Does anyone else have issues with the Tiemcos? I have now broken 2 size 4 hooks one was on a dock and the other was a on a ~20" redfish after fighting the fish for like 30 seconds. I can't say I have ever broken another hook. Mostly opened up.


----------



## kjnengr (Jan 16, 2018)

flyclimber said:


> Does anyone else have issues with the Tiemcos? I have now broken 2 size 4 hooks one was on a dock and the other was a on a ~20" redfish after fighting the fish for like 30 seconds. I can't say I have ever broken another hook. Mostly opened up.

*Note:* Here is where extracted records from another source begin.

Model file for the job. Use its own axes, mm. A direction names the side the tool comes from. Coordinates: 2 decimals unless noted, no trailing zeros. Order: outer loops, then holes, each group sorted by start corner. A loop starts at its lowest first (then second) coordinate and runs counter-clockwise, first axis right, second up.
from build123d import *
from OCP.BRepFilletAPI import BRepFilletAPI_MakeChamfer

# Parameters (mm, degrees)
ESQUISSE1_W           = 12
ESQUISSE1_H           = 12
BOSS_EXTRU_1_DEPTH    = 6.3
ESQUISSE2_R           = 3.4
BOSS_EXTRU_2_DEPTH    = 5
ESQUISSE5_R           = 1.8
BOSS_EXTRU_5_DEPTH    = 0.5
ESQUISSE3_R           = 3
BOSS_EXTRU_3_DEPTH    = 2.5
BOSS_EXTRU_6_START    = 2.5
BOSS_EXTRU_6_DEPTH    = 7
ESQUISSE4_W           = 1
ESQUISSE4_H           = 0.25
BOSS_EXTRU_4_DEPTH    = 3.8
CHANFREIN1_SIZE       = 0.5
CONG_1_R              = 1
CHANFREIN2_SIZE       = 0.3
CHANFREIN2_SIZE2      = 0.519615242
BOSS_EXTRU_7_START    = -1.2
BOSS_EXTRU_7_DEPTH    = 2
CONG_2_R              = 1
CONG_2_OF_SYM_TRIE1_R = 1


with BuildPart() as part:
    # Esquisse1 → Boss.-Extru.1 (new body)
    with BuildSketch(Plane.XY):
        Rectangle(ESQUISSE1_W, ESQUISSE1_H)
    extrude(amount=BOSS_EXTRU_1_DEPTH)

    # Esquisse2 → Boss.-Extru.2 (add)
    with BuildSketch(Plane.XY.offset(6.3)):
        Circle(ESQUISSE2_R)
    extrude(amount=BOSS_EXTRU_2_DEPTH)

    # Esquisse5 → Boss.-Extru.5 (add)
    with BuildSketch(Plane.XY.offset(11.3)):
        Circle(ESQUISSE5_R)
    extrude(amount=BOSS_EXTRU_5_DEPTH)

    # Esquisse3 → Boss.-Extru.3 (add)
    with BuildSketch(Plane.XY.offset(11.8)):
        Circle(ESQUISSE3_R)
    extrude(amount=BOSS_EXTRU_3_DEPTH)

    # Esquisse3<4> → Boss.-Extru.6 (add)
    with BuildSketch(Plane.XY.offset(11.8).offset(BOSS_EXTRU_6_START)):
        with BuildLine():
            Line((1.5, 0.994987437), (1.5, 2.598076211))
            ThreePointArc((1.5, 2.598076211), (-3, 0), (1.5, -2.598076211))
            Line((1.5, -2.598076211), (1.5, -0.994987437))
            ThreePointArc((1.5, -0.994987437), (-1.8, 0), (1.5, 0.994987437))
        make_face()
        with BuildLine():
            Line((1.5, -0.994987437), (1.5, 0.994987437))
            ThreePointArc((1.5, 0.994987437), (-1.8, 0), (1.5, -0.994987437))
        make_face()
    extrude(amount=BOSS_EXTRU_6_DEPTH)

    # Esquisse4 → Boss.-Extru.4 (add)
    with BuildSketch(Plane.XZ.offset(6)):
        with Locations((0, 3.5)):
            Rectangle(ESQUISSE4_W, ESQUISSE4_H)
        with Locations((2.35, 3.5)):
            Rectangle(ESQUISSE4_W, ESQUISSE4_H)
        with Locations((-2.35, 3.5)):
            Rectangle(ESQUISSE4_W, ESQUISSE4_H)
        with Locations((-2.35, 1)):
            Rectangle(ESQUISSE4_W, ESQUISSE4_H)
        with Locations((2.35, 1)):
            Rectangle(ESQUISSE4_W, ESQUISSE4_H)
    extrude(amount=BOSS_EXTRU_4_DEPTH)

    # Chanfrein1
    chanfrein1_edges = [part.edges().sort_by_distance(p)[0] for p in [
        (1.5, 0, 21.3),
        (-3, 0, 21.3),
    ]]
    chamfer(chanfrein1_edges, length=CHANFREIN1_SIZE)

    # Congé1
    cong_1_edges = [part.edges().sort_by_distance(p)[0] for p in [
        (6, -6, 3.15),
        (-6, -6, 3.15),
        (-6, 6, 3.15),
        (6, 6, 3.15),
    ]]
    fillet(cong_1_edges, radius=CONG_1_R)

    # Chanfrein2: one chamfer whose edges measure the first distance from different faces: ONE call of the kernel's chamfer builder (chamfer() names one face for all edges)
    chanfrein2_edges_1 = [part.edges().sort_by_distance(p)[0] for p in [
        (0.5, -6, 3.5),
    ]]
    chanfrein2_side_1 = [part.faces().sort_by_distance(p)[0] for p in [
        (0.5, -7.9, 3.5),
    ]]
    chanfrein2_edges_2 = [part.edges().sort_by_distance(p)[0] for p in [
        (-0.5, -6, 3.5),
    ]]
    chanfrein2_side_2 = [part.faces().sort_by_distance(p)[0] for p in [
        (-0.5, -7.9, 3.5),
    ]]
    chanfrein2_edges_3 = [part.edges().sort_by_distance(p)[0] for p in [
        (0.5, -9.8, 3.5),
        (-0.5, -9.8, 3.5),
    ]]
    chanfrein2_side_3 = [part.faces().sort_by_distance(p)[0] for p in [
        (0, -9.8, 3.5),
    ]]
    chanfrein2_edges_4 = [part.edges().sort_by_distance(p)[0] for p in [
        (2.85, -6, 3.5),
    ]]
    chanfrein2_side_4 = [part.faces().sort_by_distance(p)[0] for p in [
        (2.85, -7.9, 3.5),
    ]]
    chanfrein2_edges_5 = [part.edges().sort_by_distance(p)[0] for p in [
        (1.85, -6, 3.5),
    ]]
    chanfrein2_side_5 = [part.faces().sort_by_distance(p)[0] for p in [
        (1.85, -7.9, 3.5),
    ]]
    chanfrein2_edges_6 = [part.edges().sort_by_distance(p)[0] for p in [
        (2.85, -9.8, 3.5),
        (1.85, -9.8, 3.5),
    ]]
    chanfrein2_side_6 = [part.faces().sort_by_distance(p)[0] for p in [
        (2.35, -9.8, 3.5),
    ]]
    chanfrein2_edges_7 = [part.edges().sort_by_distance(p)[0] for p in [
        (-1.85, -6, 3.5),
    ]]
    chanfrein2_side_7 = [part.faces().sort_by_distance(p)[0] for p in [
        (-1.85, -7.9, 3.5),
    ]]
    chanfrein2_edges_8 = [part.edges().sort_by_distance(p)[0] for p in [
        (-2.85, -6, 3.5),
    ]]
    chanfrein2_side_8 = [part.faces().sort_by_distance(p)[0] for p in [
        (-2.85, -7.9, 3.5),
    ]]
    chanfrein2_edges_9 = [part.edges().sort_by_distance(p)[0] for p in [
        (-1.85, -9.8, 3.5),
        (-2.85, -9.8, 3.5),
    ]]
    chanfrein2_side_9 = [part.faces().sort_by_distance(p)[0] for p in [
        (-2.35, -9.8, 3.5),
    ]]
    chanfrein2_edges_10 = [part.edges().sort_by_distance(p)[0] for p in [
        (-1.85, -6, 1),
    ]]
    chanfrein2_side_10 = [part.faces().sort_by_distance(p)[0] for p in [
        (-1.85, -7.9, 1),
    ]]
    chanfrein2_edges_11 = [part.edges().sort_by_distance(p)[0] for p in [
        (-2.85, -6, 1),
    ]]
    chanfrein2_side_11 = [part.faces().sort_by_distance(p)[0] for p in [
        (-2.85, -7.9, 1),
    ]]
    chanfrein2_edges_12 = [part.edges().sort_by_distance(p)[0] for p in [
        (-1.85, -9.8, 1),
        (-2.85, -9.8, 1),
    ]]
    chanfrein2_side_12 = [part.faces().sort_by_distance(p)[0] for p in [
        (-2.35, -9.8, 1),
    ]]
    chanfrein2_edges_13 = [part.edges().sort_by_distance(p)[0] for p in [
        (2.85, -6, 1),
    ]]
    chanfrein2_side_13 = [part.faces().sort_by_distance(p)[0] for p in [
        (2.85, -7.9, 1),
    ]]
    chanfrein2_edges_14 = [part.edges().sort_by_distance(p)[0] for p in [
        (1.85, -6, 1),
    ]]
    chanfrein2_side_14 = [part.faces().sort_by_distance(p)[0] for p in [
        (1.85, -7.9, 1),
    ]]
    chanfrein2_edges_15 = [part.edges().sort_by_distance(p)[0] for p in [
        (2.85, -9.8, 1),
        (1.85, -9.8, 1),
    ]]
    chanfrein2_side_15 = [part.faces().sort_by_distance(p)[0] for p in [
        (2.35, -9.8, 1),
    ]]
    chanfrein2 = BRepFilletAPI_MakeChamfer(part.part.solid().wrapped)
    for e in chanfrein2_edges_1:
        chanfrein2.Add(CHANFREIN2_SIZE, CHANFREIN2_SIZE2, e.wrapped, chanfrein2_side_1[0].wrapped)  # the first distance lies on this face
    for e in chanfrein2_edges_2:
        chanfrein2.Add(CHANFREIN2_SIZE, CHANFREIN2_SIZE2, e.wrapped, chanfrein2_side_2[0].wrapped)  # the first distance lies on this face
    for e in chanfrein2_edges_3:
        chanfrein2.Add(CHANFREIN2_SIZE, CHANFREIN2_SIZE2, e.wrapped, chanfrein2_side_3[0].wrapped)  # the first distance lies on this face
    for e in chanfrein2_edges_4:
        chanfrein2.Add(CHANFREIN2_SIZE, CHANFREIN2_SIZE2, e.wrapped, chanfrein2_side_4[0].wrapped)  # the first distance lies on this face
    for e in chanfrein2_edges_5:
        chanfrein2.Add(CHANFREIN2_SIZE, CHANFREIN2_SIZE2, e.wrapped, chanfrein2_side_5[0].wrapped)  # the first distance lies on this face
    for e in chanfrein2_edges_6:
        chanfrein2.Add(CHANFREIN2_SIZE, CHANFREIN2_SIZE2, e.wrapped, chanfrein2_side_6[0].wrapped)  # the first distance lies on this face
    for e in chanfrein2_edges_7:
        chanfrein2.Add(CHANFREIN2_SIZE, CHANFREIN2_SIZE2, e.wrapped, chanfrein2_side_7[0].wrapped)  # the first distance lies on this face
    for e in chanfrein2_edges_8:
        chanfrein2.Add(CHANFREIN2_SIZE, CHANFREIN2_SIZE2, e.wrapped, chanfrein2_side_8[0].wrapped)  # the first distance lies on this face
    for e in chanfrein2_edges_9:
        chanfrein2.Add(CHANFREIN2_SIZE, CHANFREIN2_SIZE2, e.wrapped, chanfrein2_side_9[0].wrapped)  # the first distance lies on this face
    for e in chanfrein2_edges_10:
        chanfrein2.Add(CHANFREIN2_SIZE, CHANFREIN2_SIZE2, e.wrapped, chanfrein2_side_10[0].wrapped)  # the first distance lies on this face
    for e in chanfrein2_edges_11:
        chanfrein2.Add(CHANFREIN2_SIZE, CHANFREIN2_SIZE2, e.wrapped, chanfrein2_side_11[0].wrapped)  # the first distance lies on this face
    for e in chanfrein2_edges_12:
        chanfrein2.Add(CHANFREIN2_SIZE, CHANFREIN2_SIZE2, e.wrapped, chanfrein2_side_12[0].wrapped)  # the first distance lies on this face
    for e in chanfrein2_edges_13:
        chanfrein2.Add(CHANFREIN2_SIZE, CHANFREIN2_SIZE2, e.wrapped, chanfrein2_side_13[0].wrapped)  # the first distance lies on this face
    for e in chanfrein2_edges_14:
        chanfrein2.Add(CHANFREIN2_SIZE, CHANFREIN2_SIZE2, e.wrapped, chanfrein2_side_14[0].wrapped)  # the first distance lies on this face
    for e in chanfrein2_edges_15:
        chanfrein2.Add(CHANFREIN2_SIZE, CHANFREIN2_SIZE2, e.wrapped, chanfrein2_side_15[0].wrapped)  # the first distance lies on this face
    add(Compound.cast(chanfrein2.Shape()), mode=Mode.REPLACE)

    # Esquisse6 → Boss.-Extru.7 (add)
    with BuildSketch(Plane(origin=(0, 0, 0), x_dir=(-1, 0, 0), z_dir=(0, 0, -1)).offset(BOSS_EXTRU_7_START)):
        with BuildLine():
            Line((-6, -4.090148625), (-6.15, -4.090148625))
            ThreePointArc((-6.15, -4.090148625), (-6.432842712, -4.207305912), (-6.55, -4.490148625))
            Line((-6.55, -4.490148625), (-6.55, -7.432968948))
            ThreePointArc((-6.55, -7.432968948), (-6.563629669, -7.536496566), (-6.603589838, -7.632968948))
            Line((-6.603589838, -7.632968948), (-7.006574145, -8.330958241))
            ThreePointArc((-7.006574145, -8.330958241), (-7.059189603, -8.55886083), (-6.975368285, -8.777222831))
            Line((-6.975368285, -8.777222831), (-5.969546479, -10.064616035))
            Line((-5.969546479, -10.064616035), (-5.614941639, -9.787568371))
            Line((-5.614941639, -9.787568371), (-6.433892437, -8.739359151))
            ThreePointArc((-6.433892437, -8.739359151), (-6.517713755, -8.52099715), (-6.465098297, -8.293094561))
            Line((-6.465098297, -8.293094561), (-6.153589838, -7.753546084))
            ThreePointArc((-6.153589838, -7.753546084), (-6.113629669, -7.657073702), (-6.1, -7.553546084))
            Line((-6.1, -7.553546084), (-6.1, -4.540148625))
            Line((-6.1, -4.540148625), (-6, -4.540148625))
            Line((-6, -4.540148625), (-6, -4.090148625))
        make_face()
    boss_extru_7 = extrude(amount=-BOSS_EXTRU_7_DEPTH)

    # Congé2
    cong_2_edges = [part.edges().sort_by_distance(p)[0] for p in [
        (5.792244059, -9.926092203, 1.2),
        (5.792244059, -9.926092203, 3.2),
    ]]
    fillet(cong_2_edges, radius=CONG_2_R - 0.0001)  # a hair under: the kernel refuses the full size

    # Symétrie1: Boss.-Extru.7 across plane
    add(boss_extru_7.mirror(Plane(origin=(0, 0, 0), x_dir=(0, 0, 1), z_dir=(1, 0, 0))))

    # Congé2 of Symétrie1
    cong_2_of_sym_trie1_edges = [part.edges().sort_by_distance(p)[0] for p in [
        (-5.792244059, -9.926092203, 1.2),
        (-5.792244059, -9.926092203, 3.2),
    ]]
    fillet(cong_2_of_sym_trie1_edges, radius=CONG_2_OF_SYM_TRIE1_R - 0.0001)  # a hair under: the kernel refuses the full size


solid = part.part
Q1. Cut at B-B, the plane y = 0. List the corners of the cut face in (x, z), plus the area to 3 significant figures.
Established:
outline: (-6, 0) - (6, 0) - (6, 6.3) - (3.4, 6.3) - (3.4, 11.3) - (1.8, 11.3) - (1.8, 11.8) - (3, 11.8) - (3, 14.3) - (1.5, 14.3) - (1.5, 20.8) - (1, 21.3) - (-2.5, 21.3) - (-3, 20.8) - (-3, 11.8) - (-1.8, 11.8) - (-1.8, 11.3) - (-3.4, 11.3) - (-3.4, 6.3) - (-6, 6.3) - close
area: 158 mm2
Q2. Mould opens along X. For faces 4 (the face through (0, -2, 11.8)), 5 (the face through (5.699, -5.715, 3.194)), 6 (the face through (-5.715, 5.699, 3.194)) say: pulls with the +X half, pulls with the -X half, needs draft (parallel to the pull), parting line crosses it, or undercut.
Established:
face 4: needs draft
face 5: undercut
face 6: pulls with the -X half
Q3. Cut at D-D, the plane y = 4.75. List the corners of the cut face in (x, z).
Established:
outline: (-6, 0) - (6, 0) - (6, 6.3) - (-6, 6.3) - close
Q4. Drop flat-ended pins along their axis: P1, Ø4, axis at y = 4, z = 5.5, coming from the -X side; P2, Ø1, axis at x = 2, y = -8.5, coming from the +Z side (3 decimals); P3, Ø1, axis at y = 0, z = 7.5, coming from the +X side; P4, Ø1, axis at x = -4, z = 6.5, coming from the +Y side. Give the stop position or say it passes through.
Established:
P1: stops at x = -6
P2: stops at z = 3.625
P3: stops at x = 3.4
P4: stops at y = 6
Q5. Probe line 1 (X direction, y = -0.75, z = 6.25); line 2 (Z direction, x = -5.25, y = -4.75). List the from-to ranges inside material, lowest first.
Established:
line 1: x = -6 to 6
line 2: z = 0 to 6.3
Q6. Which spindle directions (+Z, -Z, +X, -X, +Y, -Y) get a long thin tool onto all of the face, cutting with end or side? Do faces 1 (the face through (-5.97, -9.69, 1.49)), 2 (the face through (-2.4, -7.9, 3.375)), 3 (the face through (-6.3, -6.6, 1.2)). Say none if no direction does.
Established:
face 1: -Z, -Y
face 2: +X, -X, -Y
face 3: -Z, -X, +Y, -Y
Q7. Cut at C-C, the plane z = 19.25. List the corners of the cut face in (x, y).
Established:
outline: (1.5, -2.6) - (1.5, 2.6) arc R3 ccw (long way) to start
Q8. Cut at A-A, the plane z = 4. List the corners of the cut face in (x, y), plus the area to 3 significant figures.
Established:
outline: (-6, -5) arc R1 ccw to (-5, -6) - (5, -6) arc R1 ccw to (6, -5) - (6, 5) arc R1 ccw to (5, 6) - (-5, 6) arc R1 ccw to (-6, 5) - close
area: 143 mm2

Which TMC hook was that? I have heard a few friends say not nice things about Tiemco hooks?


----------



## Mike Geer (Nov 22, 2018)

Yes, I have had multiple Tiempcos break.

mike


----------



## lemaymiami (Feb 9, 2007)

The Tiemco hook I avoid is the 811s hook (very similar to a Mustad 34007, but quite strong and sharp). The problem with them is that they'll break before bending a bit. You can catch a lot of fish with a hook that's opened up a bit - but not if it breaks first... The Tiemco 600sp hook, though, has always held up for us... I know that some guides down in the Keys don't like the 600sp which has a relatively thin tapered point - mainly because they stick (or try to hook) most of their fish with the hook much closer to the tarpon's lip where all that bone can roll a hook point occasionally. Where we fish, the big tarpon take a fly deep into their throat area most days (big fish, laid up in open bays or holding in relatively deeper water in rivers). In the dark waters of the 'glades my anglers might see the take - but not very clearly so the fish really gets to gobble that fly before all hell breaks loose...


----------